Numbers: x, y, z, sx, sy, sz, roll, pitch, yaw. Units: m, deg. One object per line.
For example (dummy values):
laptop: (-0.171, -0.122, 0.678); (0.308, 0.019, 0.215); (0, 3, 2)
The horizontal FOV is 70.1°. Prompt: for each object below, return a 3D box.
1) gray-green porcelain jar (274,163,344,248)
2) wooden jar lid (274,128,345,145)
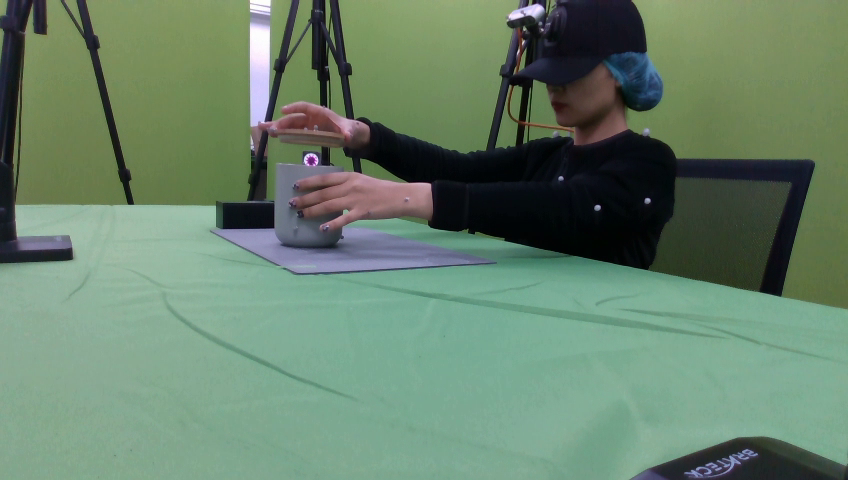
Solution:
gray-green porcelain jar: (-0.180, -0.055, 0.945); (0.106, 0.126, 0.106); (2, 7, 0)
wooden jar lid: (-0.179, -0.161, 0.948); (0.108, 0.020, 0.108); (3, 8, 0)
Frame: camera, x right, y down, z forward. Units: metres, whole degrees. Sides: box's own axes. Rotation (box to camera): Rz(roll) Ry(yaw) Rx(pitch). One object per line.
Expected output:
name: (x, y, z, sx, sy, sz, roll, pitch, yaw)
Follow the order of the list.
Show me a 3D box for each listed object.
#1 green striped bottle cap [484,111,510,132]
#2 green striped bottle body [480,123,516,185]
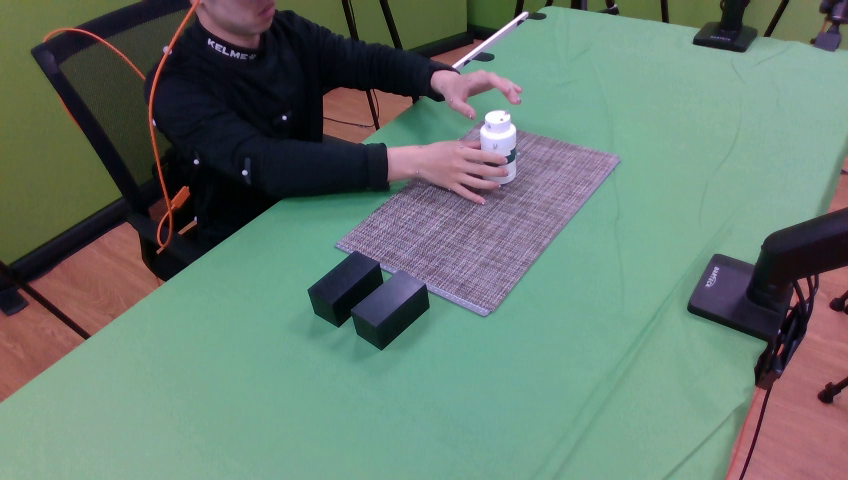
green striped bottle cap: (0.124, -0.201, 1.024, 0.044, 0.020, 0.044, -3, 40, 3)
green striped bottle body: (0.130, -0.162, 1.057, 0.063, 0.120, 0.063, -4, 40, 4)
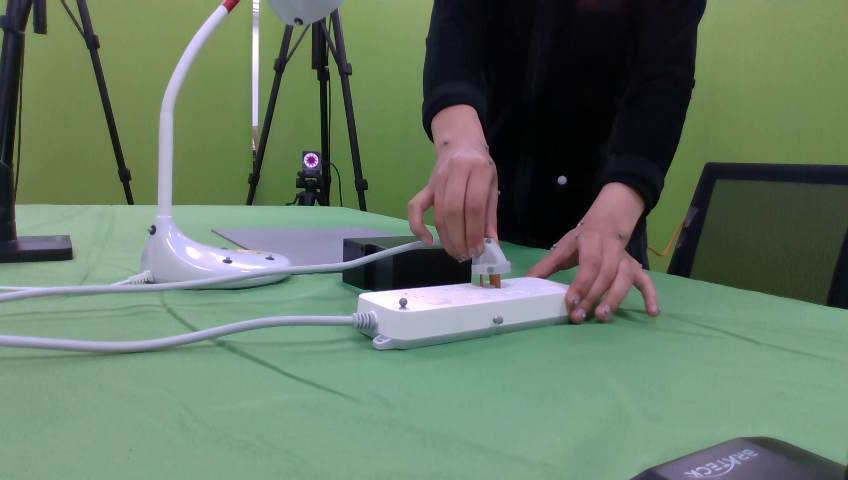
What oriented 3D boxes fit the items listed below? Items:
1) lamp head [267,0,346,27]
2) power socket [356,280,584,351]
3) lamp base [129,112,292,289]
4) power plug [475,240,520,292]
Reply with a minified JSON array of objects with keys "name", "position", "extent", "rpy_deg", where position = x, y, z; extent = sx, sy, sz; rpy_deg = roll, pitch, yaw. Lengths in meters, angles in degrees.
[{"name":"lamp head","position":[-0.157,-0.326,0.701],"extent":[0.112,0.112,0.123],"rpy_deg":[6,-16,26]},{"name":"power socket","position":[0.046,0.060,0.521],"extent":[0.228,0.032,0.072],"rpy_deg":[-2,7,-35]},{"name":"lamp base","position":[-0.233,-0.045,0.658],"extent":[0.160,0.180,0.180],"rpy_deg":[7,10,29]},{"name":"power plug","position":[0.058,0.028,0.527],"extent":[0.035,0.052,0.073],"rpy_deg":[-21,2,35]}]
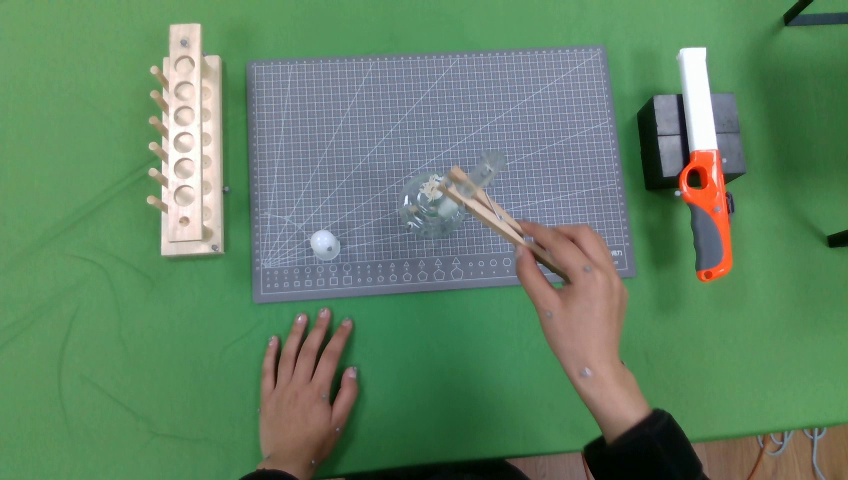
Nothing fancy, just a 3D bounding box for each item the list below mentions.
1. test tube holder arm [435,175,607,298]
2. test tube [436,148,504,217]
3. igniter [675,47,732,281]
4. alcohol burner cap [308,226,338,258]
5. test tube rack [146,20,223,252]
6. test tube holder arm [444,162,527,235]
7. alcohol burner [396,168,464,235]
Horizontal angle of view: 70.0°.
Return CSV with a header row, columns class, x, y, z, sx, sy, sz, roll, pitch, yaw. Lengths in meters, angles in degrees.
class,x,y,z,sx,sy,sz,roll,pitch,yaw
test tube holder arm,0.085,-0.001,0.524,0.179,0.015,0.013,35,73,-8
test tube,0.035,-0.044,0.511,0.017,0.150,0.017,3,77,-13
igniter,0.316,-0.091,0.693,0.057,0.025,0.275,-1,79,3
alcohol burner cap,-0.116,0.000,0.688,0.034,0.048,0.033,1,78,-3
test tube rack,-0.272,-0.113,0.680,0.067,0.085,0.241,-3,80,-3
test tube holder arm,0.053,-0.033,0.520,0.088,0.015,0.010,43,72,-5
alcohol burner,0.008,-0.046,0.668,0.078,0.119,0.077,0,81,-2
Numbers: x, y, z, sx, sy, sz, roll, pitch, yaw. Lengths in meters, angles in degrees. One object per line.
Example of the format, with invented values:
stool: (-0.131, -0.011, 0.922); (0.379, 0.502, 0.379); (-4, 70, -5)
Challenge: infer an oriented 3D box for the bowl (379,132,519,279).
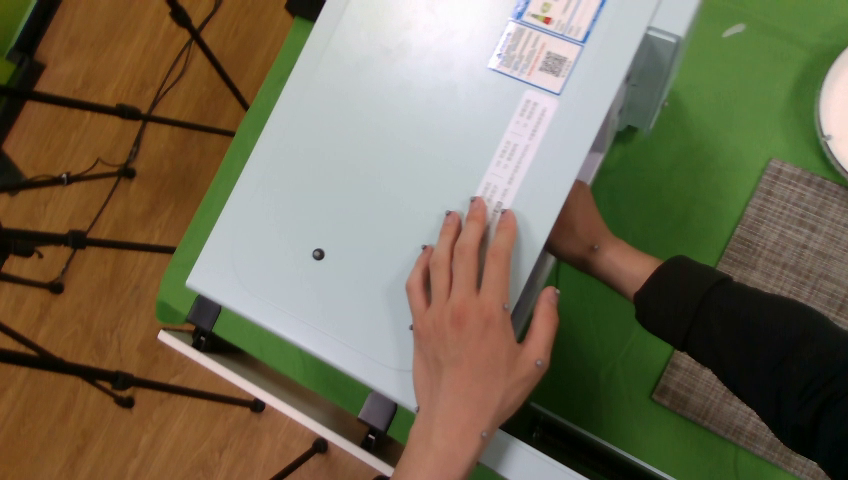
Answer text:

⁂

Task instructions: Every line of the material above that has the string "Units" needs pulling out.

Solved exercise:
Numbers: x, y, z, sx, sy, sz, roll, pitch, yaw. Units: m, deg. One object per line.
Frame: camera, x right, y down, z forward. Units: metres, whole degrees. Sides: box's own axes. Rotation (box to camera): Rz(roll) Ry(yaw) Rx(pitch). One object per line.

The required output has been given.